++++ Source data ++++

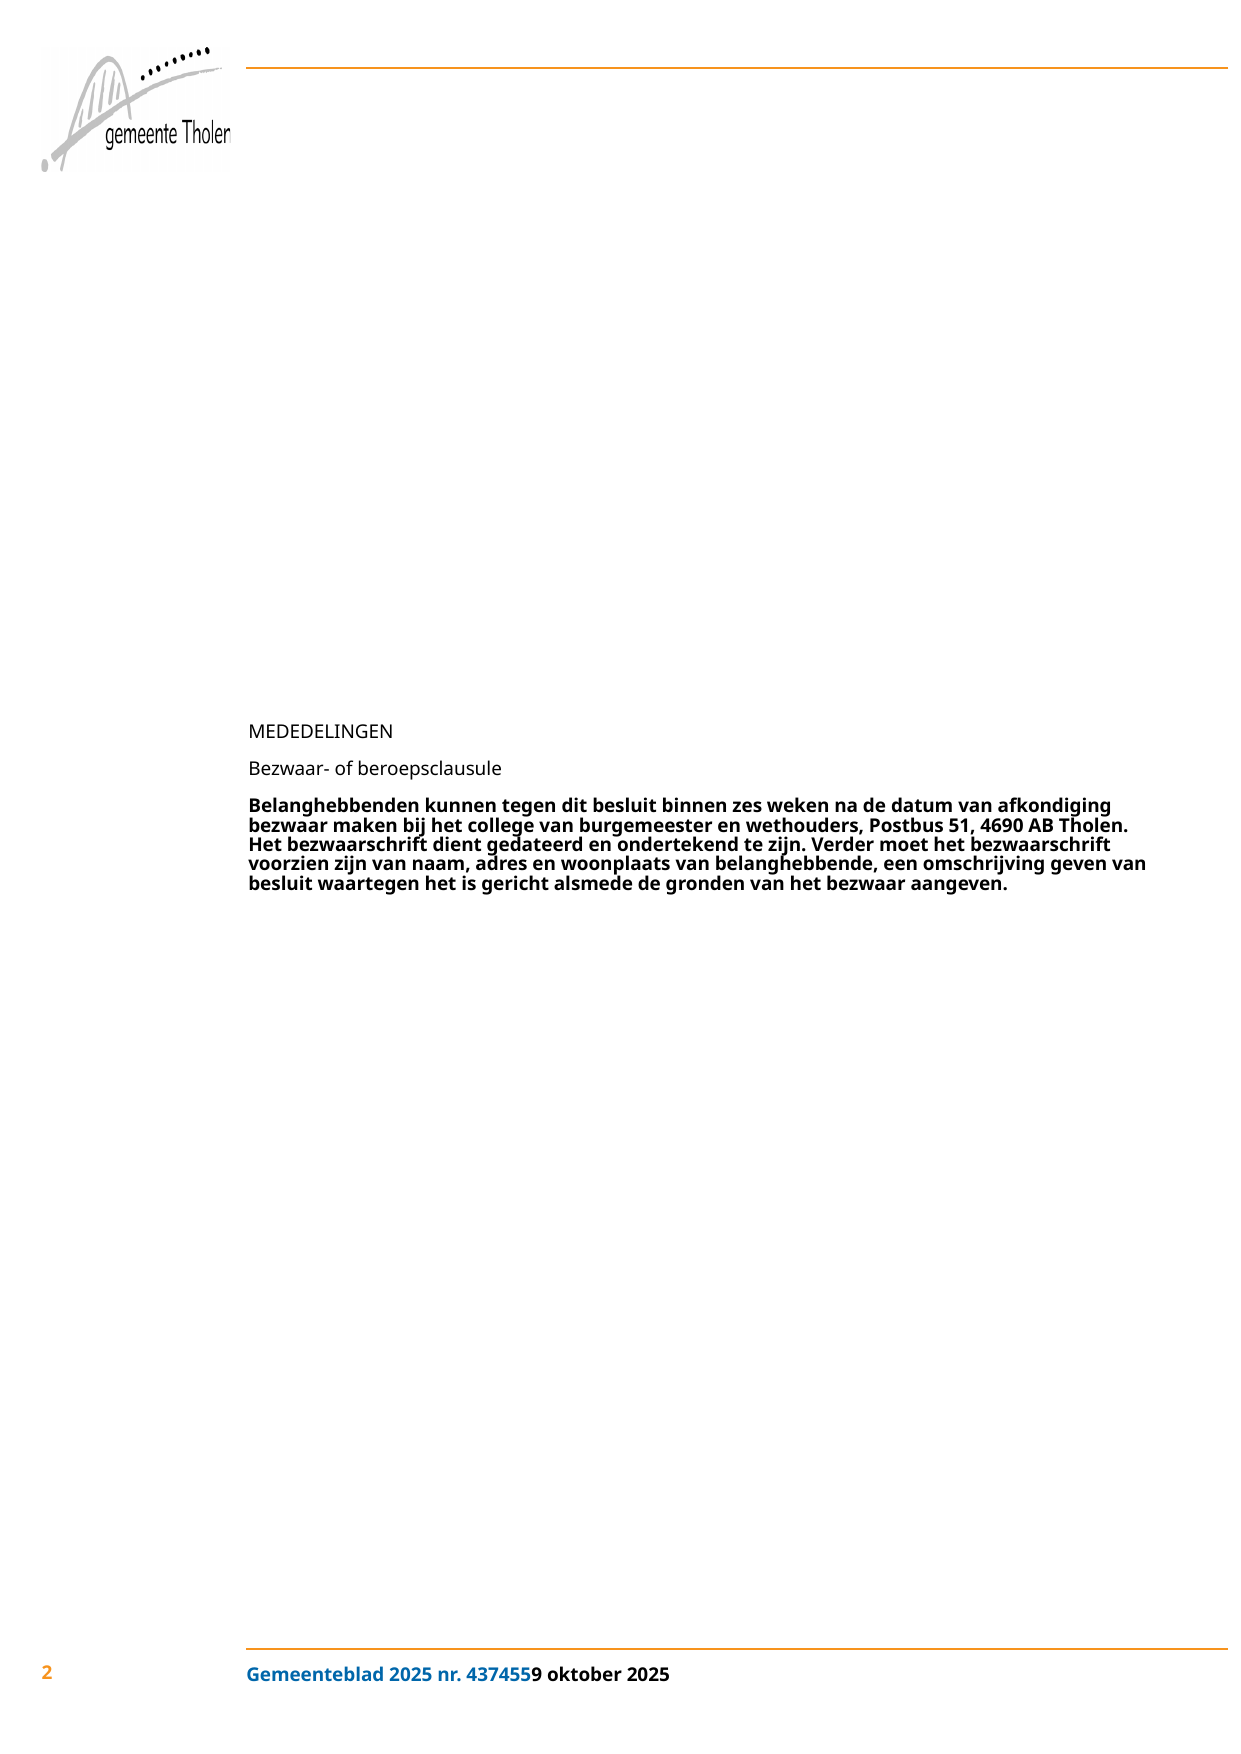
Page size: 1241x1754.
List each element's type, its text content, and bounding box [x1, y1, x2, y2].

text Bezwaar- of beroepsclausule [248, 760, 1152, 780]
text Belanghebbenden kunnen tegen dit besluit binnen zes weken na de datum van afkondiging bezwaar maken bij het college van burgemeester en wethouders, Postbus 51, 4690 AB Tholen. Het bezwaarschrift dient gedateerd en ondertekend te zijn. Verder moet het bezwaarschrift voorzien zijn van naam, adres en woonplaats van belanghebbende, een omschrijving geven van besluit waartegen het is gericht alsmede de gronden van het bezwaar aangeven. [248, 797, 1152, 894]
picture [41, 47, 231, 172]
text MEDEDELINGEN [248, 723, 1152, 743]
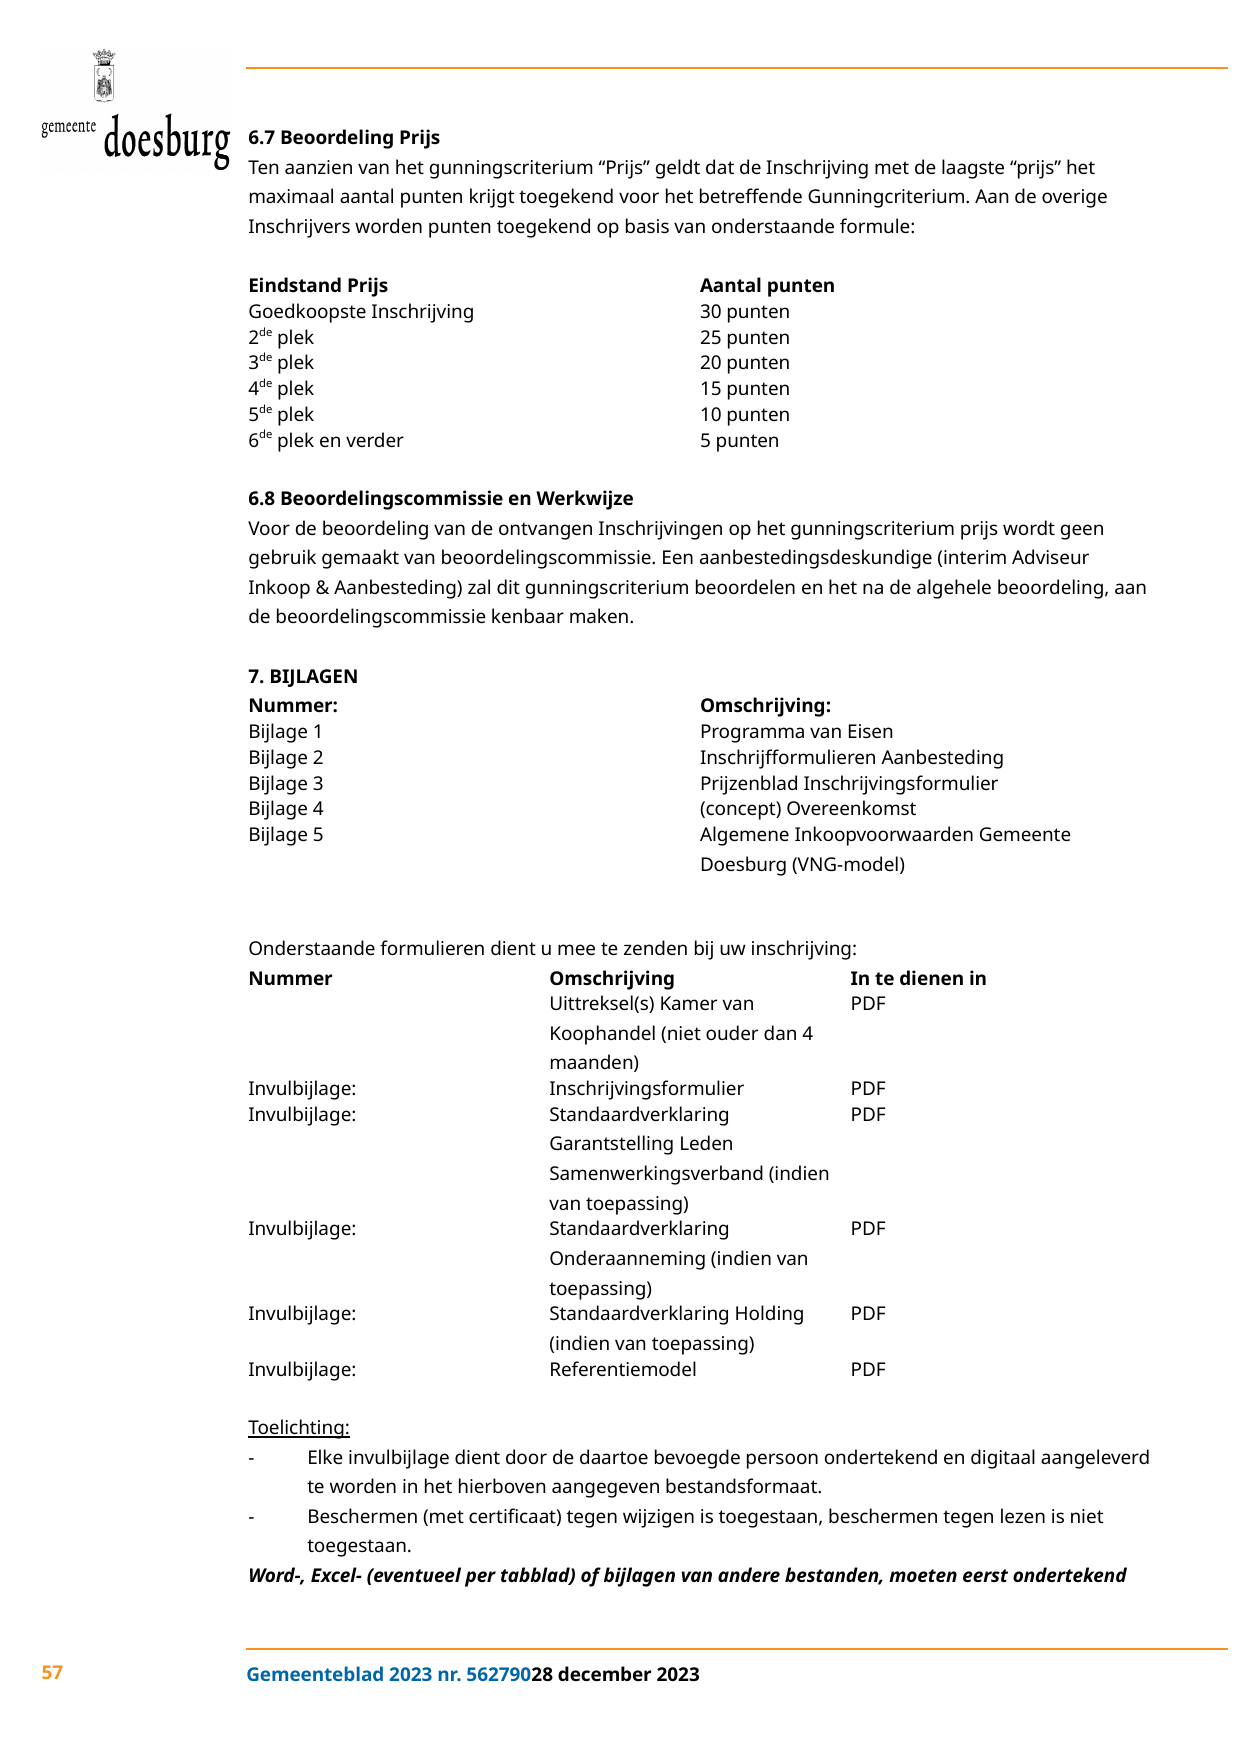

++++

■ **Exercise**
Reproduce the data above in full, exactly, with the images removed.

■ **Output below**
Page size: 1241x1754.
List each element's type, its text content, and bounding box [x1, y1, x2, y2].

text Bezwaar- of beroepsclausule [248, 760, 1152, 780]
text Belanghebbenden kunnen tegen dit besluit binnen zes weken na de datum van afkondiging bezwaar maken bij het college van burgemeester en wethouders, Postbus 51, 4690 AB Tholen. Het bezwaarschrift dient gedateerd en ondertekend te zijn. Verder moet het bezwaarschrift voorzien zijn van naam, adres en woonplaats van belanghebbende, een omschrijving geven van besluit waartegen het is gericht alsmede de gronden van het bezwaar aangeven. [248, 797, 1152, 894]
picture [41, 47, 231, 172]
text MEDEDELINGEN [248, 723, 1152, 743]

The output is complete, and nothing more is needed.